§ Activity
Retype every record exactly. Skip the images.

§ Task data
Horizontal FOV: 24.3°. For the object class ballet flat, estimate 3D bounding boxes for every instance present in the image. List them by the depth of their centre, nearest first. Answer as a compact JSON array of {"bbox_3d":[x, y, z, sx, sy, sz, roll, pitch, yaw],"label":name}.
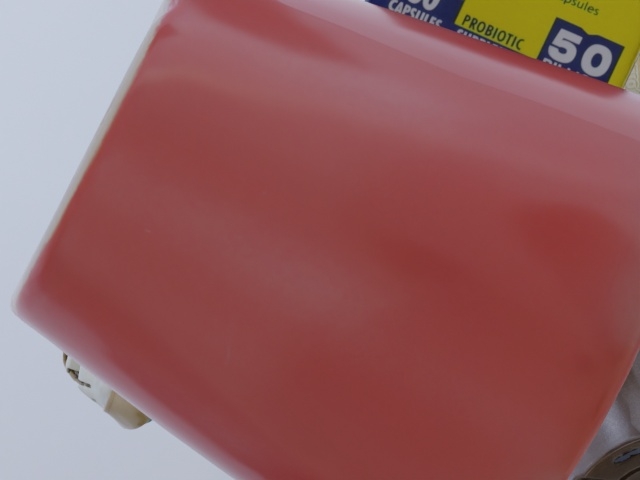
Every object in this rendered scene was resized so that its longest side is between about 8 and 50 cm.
[{"bbox_3d":[-0.203,0.130,1.414,0.073,0.232,0.080,15,-93,-18],"label":"ballet flat"}]

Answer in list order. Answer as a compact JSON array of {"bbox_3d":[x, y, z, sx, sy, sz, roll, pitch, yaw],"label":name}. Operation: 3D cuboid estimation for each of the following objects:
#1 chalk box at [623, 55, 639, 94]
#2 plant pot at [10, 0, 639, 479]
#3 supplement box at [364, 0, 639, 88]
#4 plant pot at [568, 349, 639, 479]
[{"bbox_3d":[0.289,-0.070,1.415,0.132,0.213,0.132,-4,-30,14],"label":"chalk box"},{"bbox_3d":[0.000,0.000,0.728,0.275,0.243,0.275,-60,9,16],"label":"plant pot"},{"bbox_3d":[0.193,-0.267,1.133,0.195,0.194,0.356,47,-112,-83],"label":"supplement box"},{"bbox_3d":[0.219,0.133,1.116,0.167,0.165,0.167,-8,-52,-10],"label":"plant pot"}]
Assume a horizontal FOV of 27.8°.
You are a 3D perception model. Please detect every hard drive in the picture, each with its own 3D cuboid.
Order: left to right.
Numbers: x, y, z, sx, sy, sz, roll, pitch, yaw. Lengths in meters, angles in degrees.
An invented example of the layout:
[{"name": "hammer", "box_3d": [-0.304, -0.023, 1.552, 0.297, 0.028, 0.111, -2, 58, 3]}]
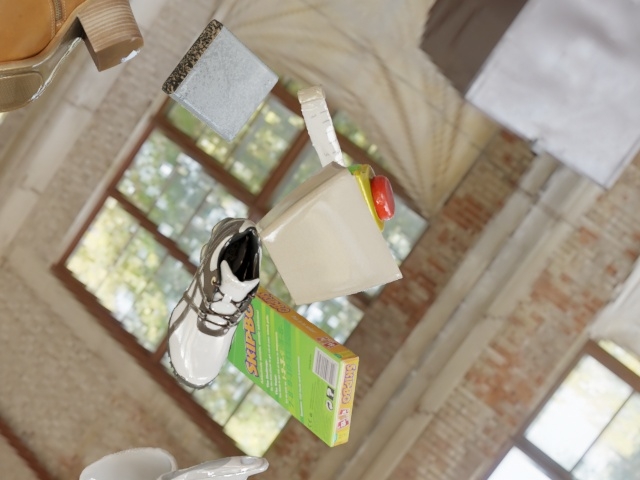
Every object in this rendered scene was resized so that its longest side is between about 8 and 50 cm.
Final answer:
[{"name": "hard drive", "box_3d": [-0.108, -0.173, 1.413, 0.022, 0.094, 0.135, 38, -179, 31]}]

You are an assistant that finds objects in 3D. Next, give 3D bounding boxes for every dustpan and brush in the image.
[{"name": "dustpan and brush", "box_3d": [-0.126, 0.183, 0.908, 0.147, 0.211, 0.060, -55, -46, -59]}]

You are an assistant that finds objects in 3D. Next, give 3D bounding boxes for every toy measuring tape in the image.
[{"name": "toy measuring tape", "box_3d": [0.035, -0.107, 1.931, 0.121, 0.121, 0.330, 53, 167, 57]}]

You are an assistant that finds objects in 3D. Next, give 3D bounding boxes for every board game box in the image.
[{"name": "board game box", "box_3d": [-0.044, 0.154, 1.698, 0.039, 0.124, 0.259, -11, -152, -37]}]

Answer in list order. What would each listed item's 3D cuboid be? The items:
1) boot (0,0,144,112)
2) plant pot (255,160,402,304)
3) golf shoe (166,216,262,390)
[{"name": "boot", "box_3d": [-0.381, -0.289, 1.587, 0.220, 0.283, 0.109, 61, 165, 15]}, {"name": "plant pot", "box_3d": [0.000, 0.000, 1.173, 0.109, 0.096, 0.109, 63, 177, -10]}, {"name": "golf shoe", "box_3d": [-0.114, 0.067, 1.417, 0.077, 0.198, 0.094, 17, 171, -17]}]

§ Output
Horizontal FOV: 24.3°. For the object class ballet flat, estimate 3D bounding boxes for every instance present in the image. List them by the depth of their centre, nearest first. Answer as a compact JSON array of {"bbox_3d":[x, y, z, sx, sy, sz, roll, pitch, yaw],"label":name}.
Every object in this rendered scene was resized so that its longest side is between about 8 and 50 cm.
[{"bbox_3d":[-0.203,0.130,1.414,0.073,0.232,0.080,15,-93,-18],"label":"ballet flat"}]

Answer in list order. Answer as a compact JSON array of {"bbox_3d":[x, y, z, sx, sy, sz, roll, pitch, yaw],"label":name}. Operation: 3D cuboid estimation for each of the following objects:
#1 chalk box at [623, 55, 639, 94]
#2 plant pot at [10, 0, 639, 479]
#3 supplement box at [364, 0, 639, 88]
#4 plant pot at [568, 349, 639, 479]
[{"bbox_3d":[0.289,-0.070,1.415,0.132,0.213,0.132,-4,-30,14],"label":"chalk box"},{"bbox_3d":[0.000,0.000,0.728,0.275,0.243,0.275,-60,9,16],"label":"plant pot"},{"bbox_3d":[0.193,-0.267,1.133,0.195,0.194,0.356,47,-112,-83],"label":"supplement box"},{"bbox_3d":[0.219,0.133,1.116,0.167,0.165,0.167,-8,-52,-10],"label":"plant pot"}]
Assume a horizontal FOV of 27.8°.
You are a 3D perception model. Please detect every hard drive in the picture, each with its own 3D cuboid.
Order: left to right.
Numbers: x, y, z, sx, sy, sz, roll, pitch, yaw. Lengths in meters, angles in degrees.
An invented example of the layout:
[{"name": "hammer", "box_3d": [-0.304, -0.023, 1.552, 0.297, 0.028, 0.111, -2, 58, 3]}]
Every object in this rendered scene was resized so that its longest side is between about 8 and 50 cm.
Final answer:
[{"name": "hard drive", "box_3d": [-0.108, -0.173, 1.413, 0.022, 0.094, 0.135, 38, -179, 31]}]

You are an assistant that finds objects in 3D. Next, give 3D bounding boxes for every dustpan and brush in the image.
[{"name": "dustpan and brush", "box_3d": [-0.126, 0.183, 0.908, 0.147, 0.211, 0.060, -55, -46, -59]}]

You are an assistant that finds objects in 3D. Next, give 3D bounding boxes for every toy measuring tape in the image.
[{"name": "toy measuring tape", "box_3d": [0.035, -0.107, 1.931, 0.121, 0.121, 0.330, 53, 167, 57]}]

You are an assistant that finds objects in 3D. Next, give 3D bounding boxes for every board game box in the image.
[{"name": "board game box", "box_3d": [-0.044, 0.154, 1.698, 0.039, 0.124, 0.259, -11, -152, -37]}]

Answer in list order. What would each listed item's 3D cuboid be? The items:
1) boot (0,0,144,112)
2) plant pot (255,160,402,304)
3) golf shoe (166,216,262,390)
[{"name": "boot", "box_3d": [-0.381, -0.289, 1.587, 0.220, 0.283, 0.109, 61, 165, 15]}, {"name": "plant pot", "box_3d": [0.000, 0.000, 1.173, 0.109, 0.096, 0.109, 63, 177, -10]}, {"name": "golf shoe", "box_3d": [-0.114, 0.067, 1.417, 0.077, 0.198, 0.094, 17, 171, -17]}]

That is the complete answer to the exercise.